Был тихий летний полдень. Он лежал в гамаке, в тени берез, и мечтал о том, как осенью поедет в Москву, зайдет к Грабарю в Третьяковскую галерею посмотреть новую экспозицию, как встретится с Лужским в Художественном театре, побродит по москворецким улочкам, а там, глядишь, и зима. Снова берлинская клиника, хирург Оппенгейм, операция, и он сможет не только ходить с палочкой, но плавать и, как прежде, ходить на охоту.
Пахло мятой, цветами, малиновым вареньем и тем густым ароматом, что дают зрелые июльские травы.
Скрипел коростель. Жужжали осы. Все эти запахи и звуки, казалось, плавились в знойном июльском воздухе под солнцем.
Вдруг со стороны дороги послышался стук копыт, все нарастающий шум колес, и через минуту совсем близко промчалась бричка, в которой стоял в рост человек в картузе и кричал, повторяя одно слово: «Война, война! Война с германцами!»
Кустодиев вздрогнул.
Дети перестали качаться на качелях.
Собака с лаем бросилась за бричкой.
Через несколько дней Борис Михайлович писал:
«Как все это неожиданно и стремительно быстро произошло, и все и вся перевернуло вверх дном».
«Выбит из колеи всем этим. Работать не хочется, что делалось раньше с увлечением, теперь потеряло смысл».
«Здесь кругом стоит вой и рев бабий — берут запасных… Моего брата, видимо, возьмут, если уже не взяли, он в Петербурге инженером и недавно отбывал воинскую повинность».
«Очень хочется ехать в город отсюда, все-таки ближе к большой жизни — жить теперь в деревне и вести растительно-созерцательную жизнь как-то стыдно».
Когда они появились в Москве, на улицах проходили манифестации. Говорили о «всеславянском братстве», о победе наших войск на галицийском фронте.
А в это время брат Михаил, которого взяли в армию, писал о беспорядках на фронте. В газетах печатались списки убитых.
Смутно было на душе у Бориса Михайловича. Сразу заныли старые раны. В голове громоздились мысли о смертельной опасности для брата, о бедствиях всего народа. И все эти мысли завершала одна, очень личная: «Итак, я отрезан от единственного человека, который может меня спасти…» Немецкий профессор из берлинской клиники Оппенгейм был недосягаем, через границу проходил фронт.

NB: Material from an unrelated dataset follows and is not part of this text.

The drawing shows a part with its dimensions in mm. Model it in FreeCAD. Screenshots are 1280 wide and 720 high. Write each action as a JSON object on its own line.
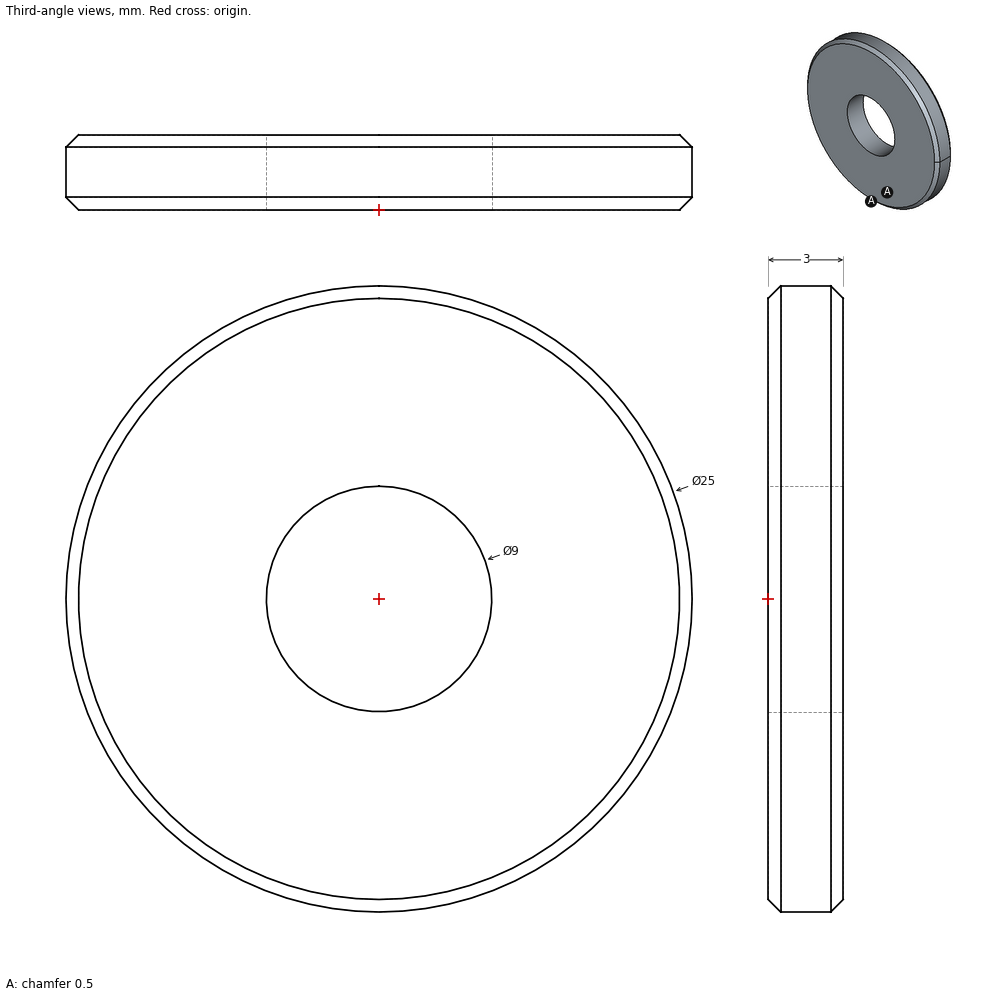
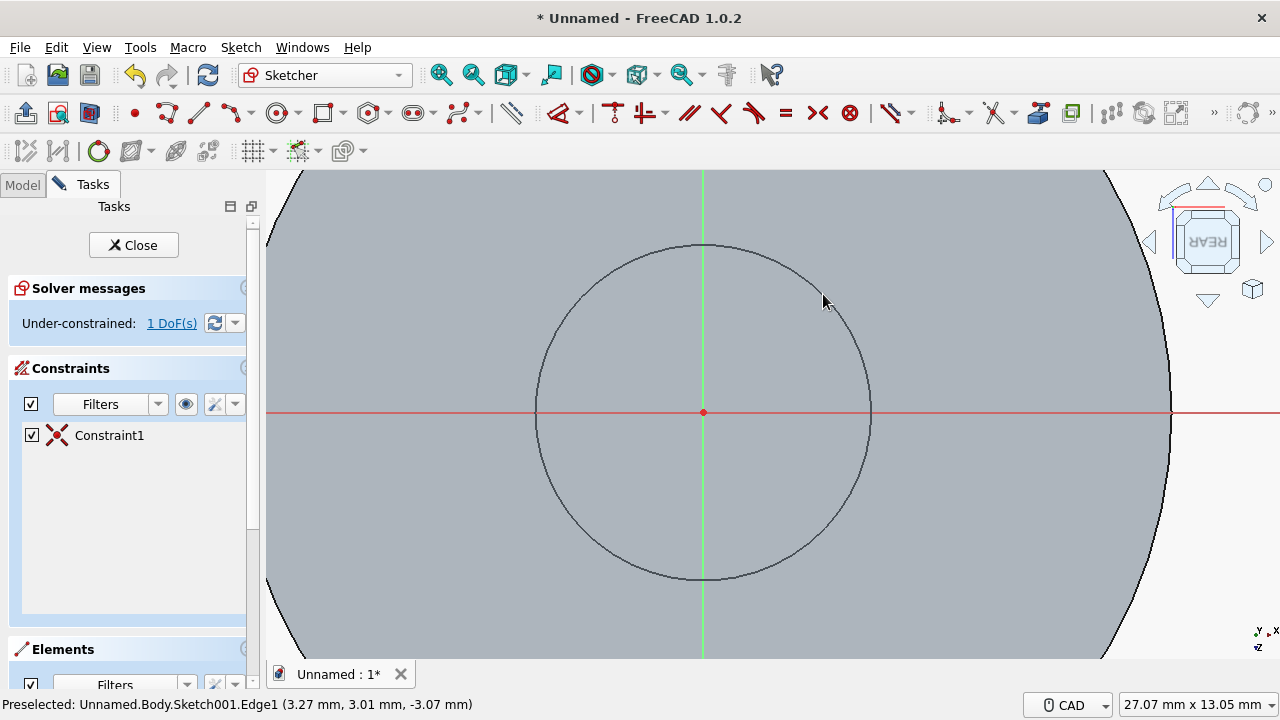
{"action": "left_click", "coordinate": [558, 114]}
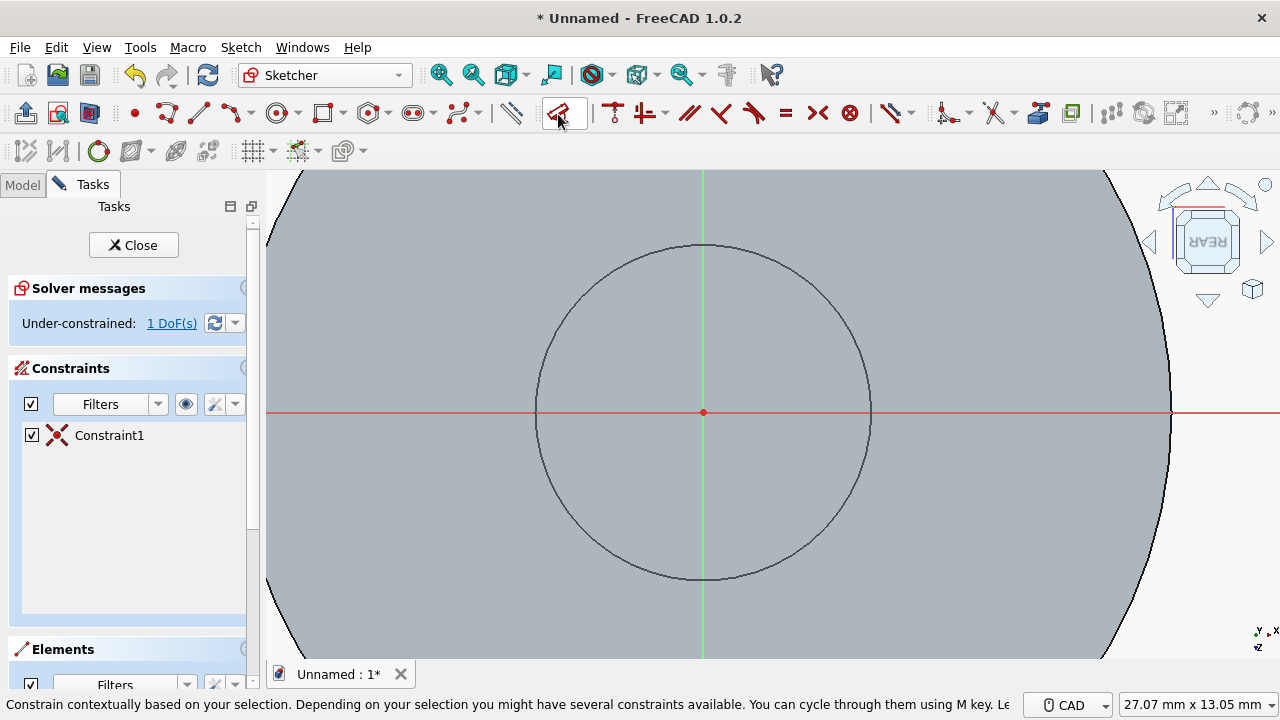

Он сидел на высоком берегу Волги, там, где вливается в нее Ока и на десятки верст открываются широкие русские дали. Делал наброски в альбоме.
Внизу шумела Нижегородская ярмарка. Залиты солнцем деревянные ряды — оглобли, дуги, колеса, посуда расписная, с золотом, прялки разные, корытца, вальки, матрешки…
Звенела бело-малиновая церковь купцов Строгановых. Там шло молебствие о русских воинах, проливающих кровь на войне с германцами.
Завтра Борис Михайлович напишет своему другу Нотгафту: «На пароходе доехал только до Нижнего, дальше побоялся — ноги мои так себя неважно чувствовали, что не рискнул путешествовать с ними в таком виде и поехал назад… Пробыл один день в Нижнем и почти полдня просидел на берегу на бульваре… И совсем не видно было, что где-то сейчас происходит война, жестокая, ужасная, — все так же лениво плыли белые облака и так же тихая река влекла на себе лодки и баржи, так же в церквах звонили в колокола».
Вот она, Волга! Здесь дышалось легко, ширилась грудь, и художник чувствовал волнение — предвестник вдохновения. (Муза его не покидала, несмотря ни на что.)
Кустодиев расположился в нелюдном месте. Он вообще любил путешествовать один, оставаясь наедине с дорожными впечатлениями; если знакомился, то лишь с интересным типажом, подходящей натурой.
Кто-то остановился за его спиной и смотрел в альбом. Зеваки сопровождают художников всюду, и обычно общение с ними ограничивается молчаливым разглядыванием. Однако на этот раз зритель оказался настолько разговорчивым, что ни сухие ответы, ни даже молчание художника не подействовали на него.
— Можно глянуть? — Не дождавшись ответа, паренек лет пятнадцати в хромовых сапогах спросил опять: — Аль нельзя?
— Да смотри, если что поймешь, — нехотя ответил художник.
— Вона какая река-то у вас похожая. Одним карандашиком, и все как есть тут. И пароходы, что тараканы, расползлись по ней…
Паренек, по всей вероятности, купеческий сын — хромовые сапоги, шелковая рубаха.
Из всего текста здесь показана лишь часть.